# Work to complete
Repeat each line of the data below exactly, but skip the pictures.

(Records from a collection)
·····
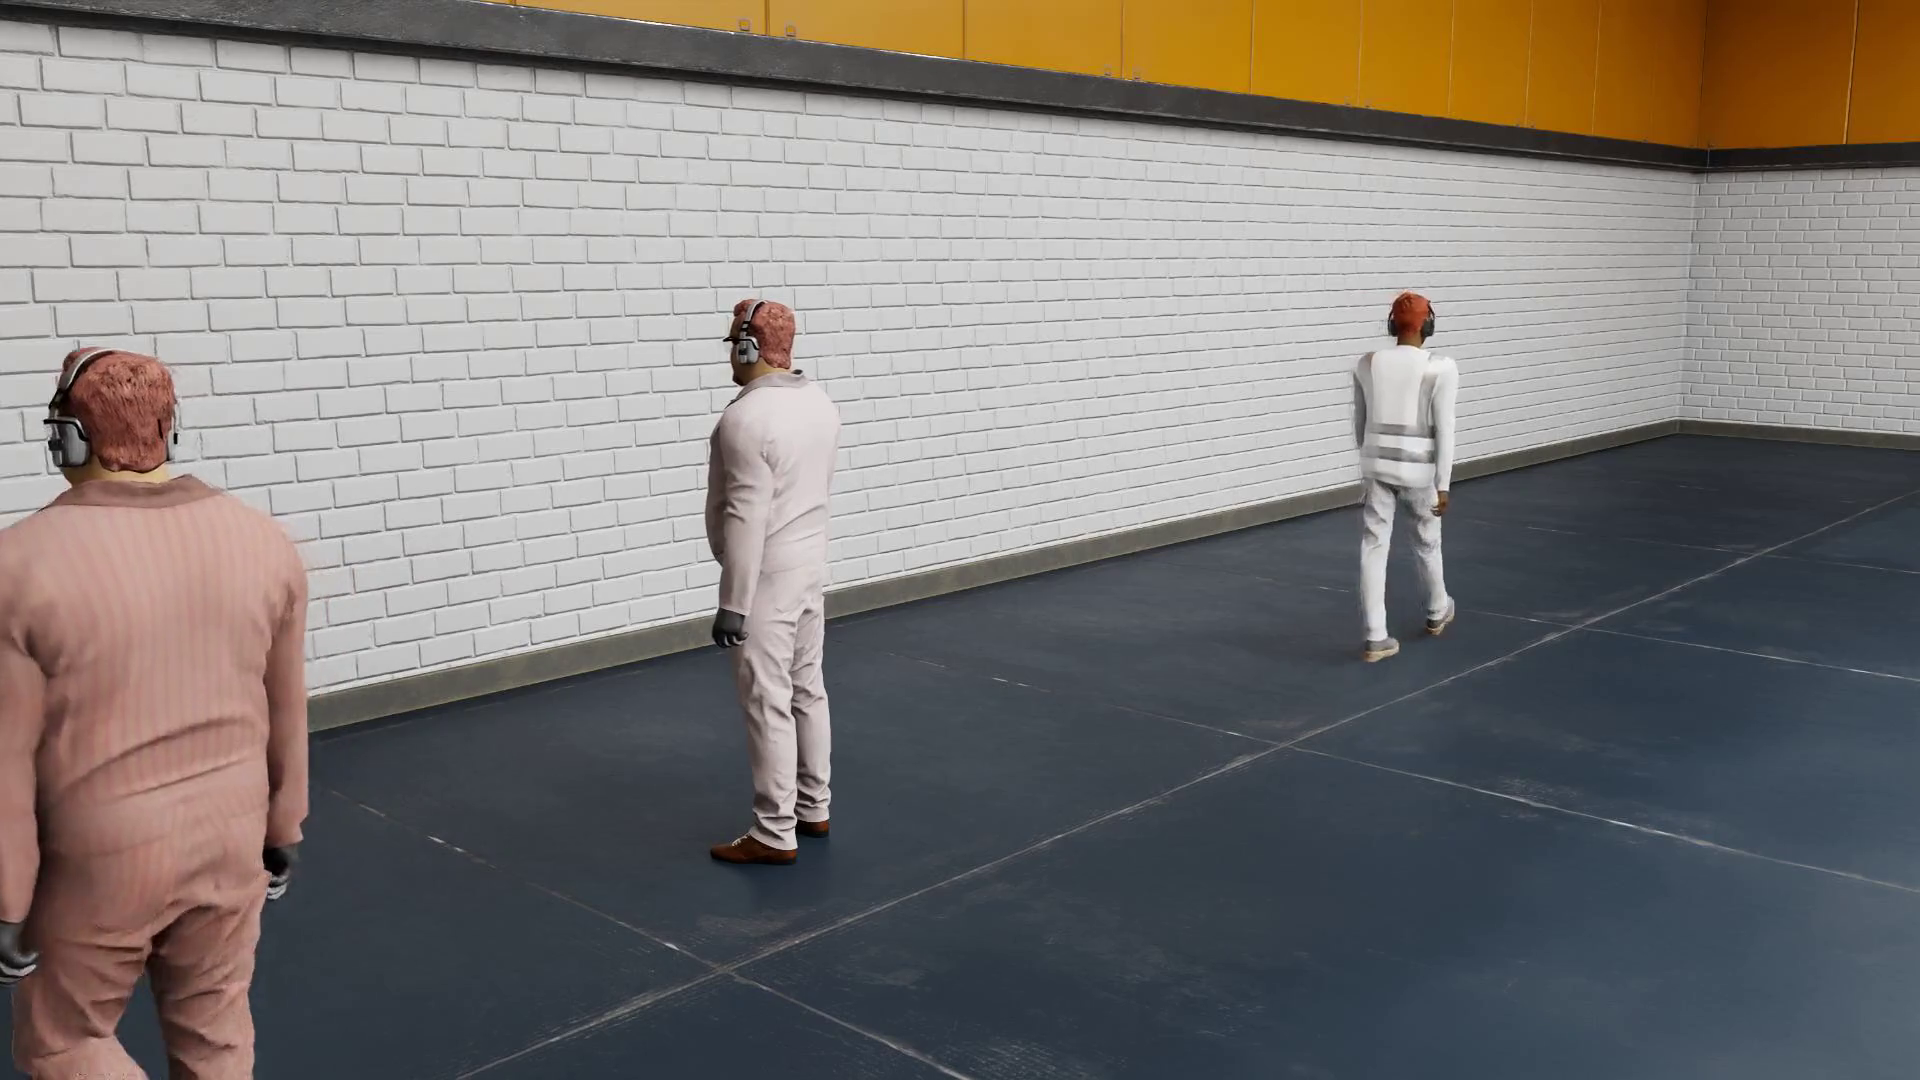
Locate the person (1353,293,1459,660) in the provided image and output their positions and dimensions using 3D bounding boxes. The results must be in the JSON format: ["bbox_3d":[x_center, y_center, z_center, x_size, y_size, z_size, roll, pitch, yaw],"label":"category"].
[{"bbox_3d":[2.320,-0.345,8.613,0.575,1.836,0.965,6,12,32],"label":"person"}]

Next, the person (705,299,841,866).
[{"bbox_3d":[-0.658,0.143,5.649,0.405,1.906,0.653,4,11,21],"label":"person"}]

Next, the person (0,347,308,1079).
[{"bbox_3d":[-1.526,0.585,3.157,0.487,1.893,0.670,7,12,34],"label":"person"}]
·····
# Answer
Locate the person (1353,293,1459,660) in the provided image and output their positions and dimensions using 3D bounding boxes. The results must be in the JSON format: ["bbox_3d":[x_center, y_center, z_center, x_size, y_size, z_size, roll, pitch, yaw],"label":"category"].
[{"bbox_3d":[2.320,-0.345,8.613,0.575,1.836,0.965,6,12,32],"label":"person"}]

Next, the person (705,299,841,866).
[{"bbox_3d":[-0.658,0.143,5.649,0.405,1.906,0.653,4,11,21],"label":"person"}]

Next, the person (0,347,308,1079).
[{"bbox_3d":[-1.526,0.585,3.157,0.487,1.893,0.670,7,12,34],"label":"person"}]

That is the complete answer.